* _Prompt_
The answer must be a single number: the count of lines below that contain the string "displayName".

=== Section Start ===

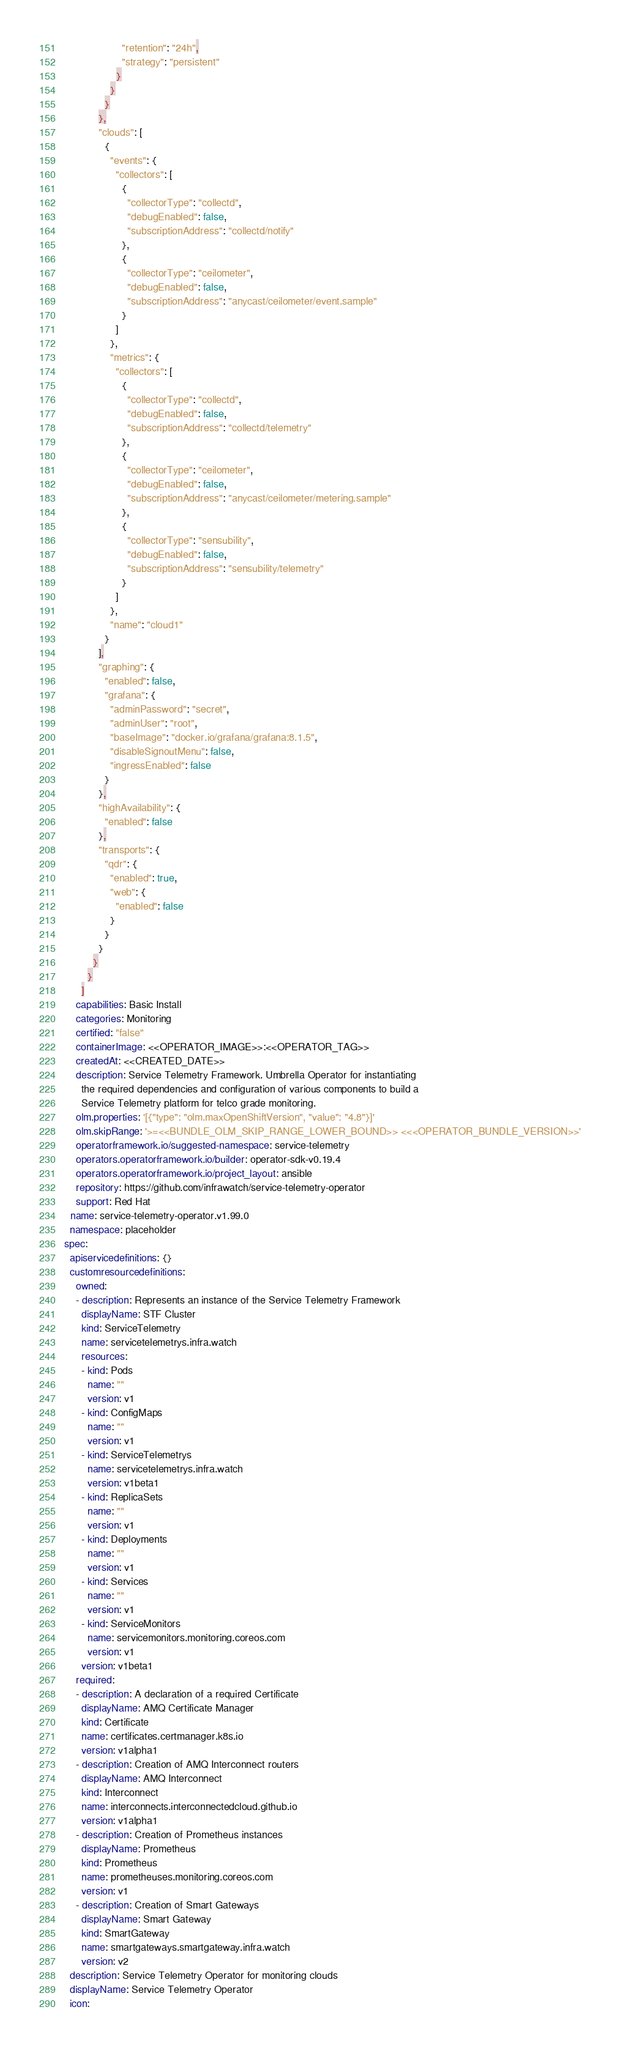<code> <loc_0><loc_0><loc_500><loc_500><_YAML_>                    "retention": "24h",
                    "strategy": "persistent"
                  }
                }
              }
            },
            "clouds": [
              {
                "events": {
                  "collectors": [
                    {
                      "collectorType": "collectd",
                      "debugEnabled": false,
                      "subscriptionAddress": "collectd/notify"
                    },
                    {
                      "collectorType": "ceilometer",
                      "debugEnabled": false,
                      "subscriptionAddress": "anycast/ceilometer/event.sample"
                    }
                  ]
                },
                "metrics": {
                  "collectors": [
                    {
                      "collectorType": "collectd",
                      "debugEnabled": false,
                      "subscriptionAddress": "collectd/telemetry"
                    },
                    {
                      "collectorType": "ceilometer",
                      "debugEnabled": false,
                      "subscriptionAddress": "anycast/ceilometer/metering.sample"
                    },
                    {
                      "collectorType": "sensubility",
                      "debugEnabled": false,
                      "subscriptionAddress": "sensubility/telemetry"
                    }
                  ]
                },
                "name": "cloud1"
              }
            ],
            "graphing": {
              "enabled": false,
              "grafana": {
                "adminPassword": "secret",
                "adminUser": "root",
                "baseImage": "docker.io/grafana/grafana:8.1.5",
                "disableSignoutMenu": false,
                "ingressEnabled": false
              }
            },
            "highAvailability": {
              "enabled": false
            },
            "transports": {
              "qdr": {
                "enabled": true,
                "web": {
                  "enabled": false
                }
              }
            }
          }
        }
      ]
    capabilities: Basic Install
    categories: Monitoring
    certified: "false"
    containerImage: <<OPERATOR_IMAGE>>:<<OPERATOR_TAG>>
    createdAt: <<CREATED_DATE>>
    description: Service Telemetry Framework. Umbrella Operator for instantiating
      the required dependencies and configuration of various components to build a
      Service Telemetry platform for telco grade monitoring.
    olm.properties: '[{"type": "olm.maxOpenShiftVersion", "value": "4.8"}]'
    olm.skipRange: '>=<<BUNDLE_OLM_SKIP_RANGE_LOWER_BOUND>> <<<OPERATOR_BUNDLE_VERSION>>'
    operatorframework.io/suggested-namespace: service-telemetry
    operators.operatorframework.io/builder: operator-sdk-v0.19.4
    operators.operatorframework.io/project_layout: ansible
    repository: https://github.com/infrawatch/service-telemetry-operator
    support: Red Hat
  name: service-telemetry-operator.v1.99.0
  namespace: placeholder
spec:
  apiservicedefinitions: {}
  customresourcedefinitions:
    owned:
    - description: Represents an instance of the Service Telemetry Framework
      displayName: STF Cluster
      kind: ServiceTelemetry
      name: servicetelemetrys.infra.watch
      resources:
      - kind: Pods
        name: ""
        version: v1
      - kind: ConfigMaps
        name: ""
        version: v1
      - kind: ServiceTelemetrys
        name: servicetelemetrys.infra.watch
        version: v1beta1
      - kind: ReplicaSets
        name: ""
        version: v1
      - kind: Deployments
        name: ""
        version: v1
      - kind: Services
        name: ""
        version: v1
      - kind: ServiceMonitors
        name: servicemonitors.monitoring.coreos.com
        version: v1
      version: v1beta1
    required:
    - description: A declaration of a required Certificate
      displayName: AMQ Certificate Manager
      kind: Certificate
      name: certificates.certmanager.k8s.io
      version: v1alpha1
    - description: Creation of AMQ Interconnect routers
      displayName: AMQ Interconnect
      kind: Interconnect
      name: interconnects.interconnectedcloud.github.io
      version: v1alpha1
    - description: Creation of Prometheus instances
      displayName: Prometheus
      kind: Prometheus
      name: prometheuses.monitoring.coreos.com
      version: v1
    - description: Creation of Smart Gateways
      displayName: Smart Gateway
      kind: SmartGateway
      name: smartgateways.smartgateway.infra.watch
      version: v2
  description: Service Telemetry Operator for monitoring clouds
  displayName: Service Telemetry Operator
  icon:</code>

=== Section End ===

* _Final answer_
6